Ramprasad Ki Tehrvi Is Exceptionally Relatable

Written & Directed  by Seema  Pahwa

Rating: ****

What a wonderful way for  Indian cinema to  begin the year!  Let me say straightaway  that Ramprasad Ki Tehrviis a very fine film, and a spectacular start  not just to this year,  but also to veteran actress Seema Pahwa’s career as a  director. Her understanding of  the basically selfish selfserving nature of humankind is so deep, amd so bang-on that five minutes into the film I  felt I  was  sitting awkwardly as part  of  Ramprasad’s grieving  family, their  sickening squabbles over tea  and  bathroom time, and  later on, their  bickering over  their father’s property, all so lived-in so  real it is hurtful even while it is  amusing to the extreme.

Some  critics have commented on  the large number of  characters  , and how difficult it is to figure  out who’s who. Nonsense! We are for too long inured in spoonfeeding tactics. It is  our  duty and  obligation to  give a  film our complete attention when it deserves it, to surrender  to  the  cast of characters  unquestioningly. 

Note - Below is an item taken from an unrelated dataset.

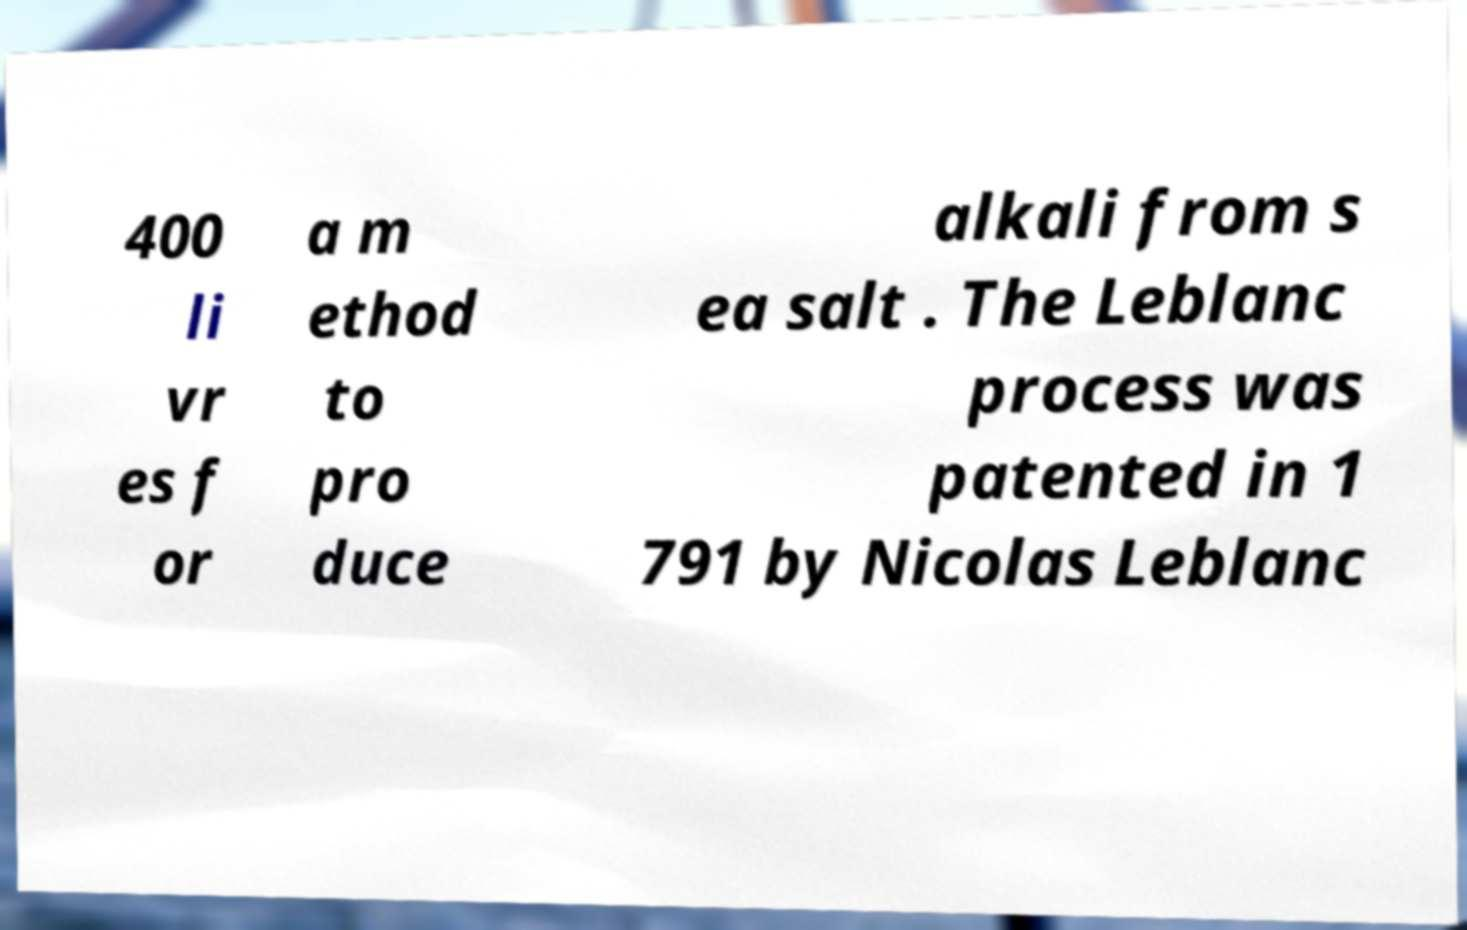Can you accurately transcribe the text from the provided image for me? 400 li vr es f or a m ethod to pro duce alkali from s ea salt . The Leblanc process was patented in 1 791 by Nicolas Leblanc

Seema Pahwa’s writing is razor-sharp and  crystal-clear. Even the smallest  of characters have a  life  of their own.The  domestic politics is  never over-punctuated.  It emerges from the  deep creases and crevices  of  bereavement  like pebbles from the bottom  of  a  tranquil stream.

 Most of the time, Ms Pahwa knows when to draw the line.The  narrative pulls out of  an argument, no matter how heated,  before its gets too hot to handle. This is  not to say that she leaves the characters and their  grievances stranded or unfinished. The wise and  articulate  construct  of  the  dynamics of  bereavement  makes plenty of room for mood shifts and yet there is a consistency and a continuity to the ‘family tragedy’, as defined once by Tolstoy.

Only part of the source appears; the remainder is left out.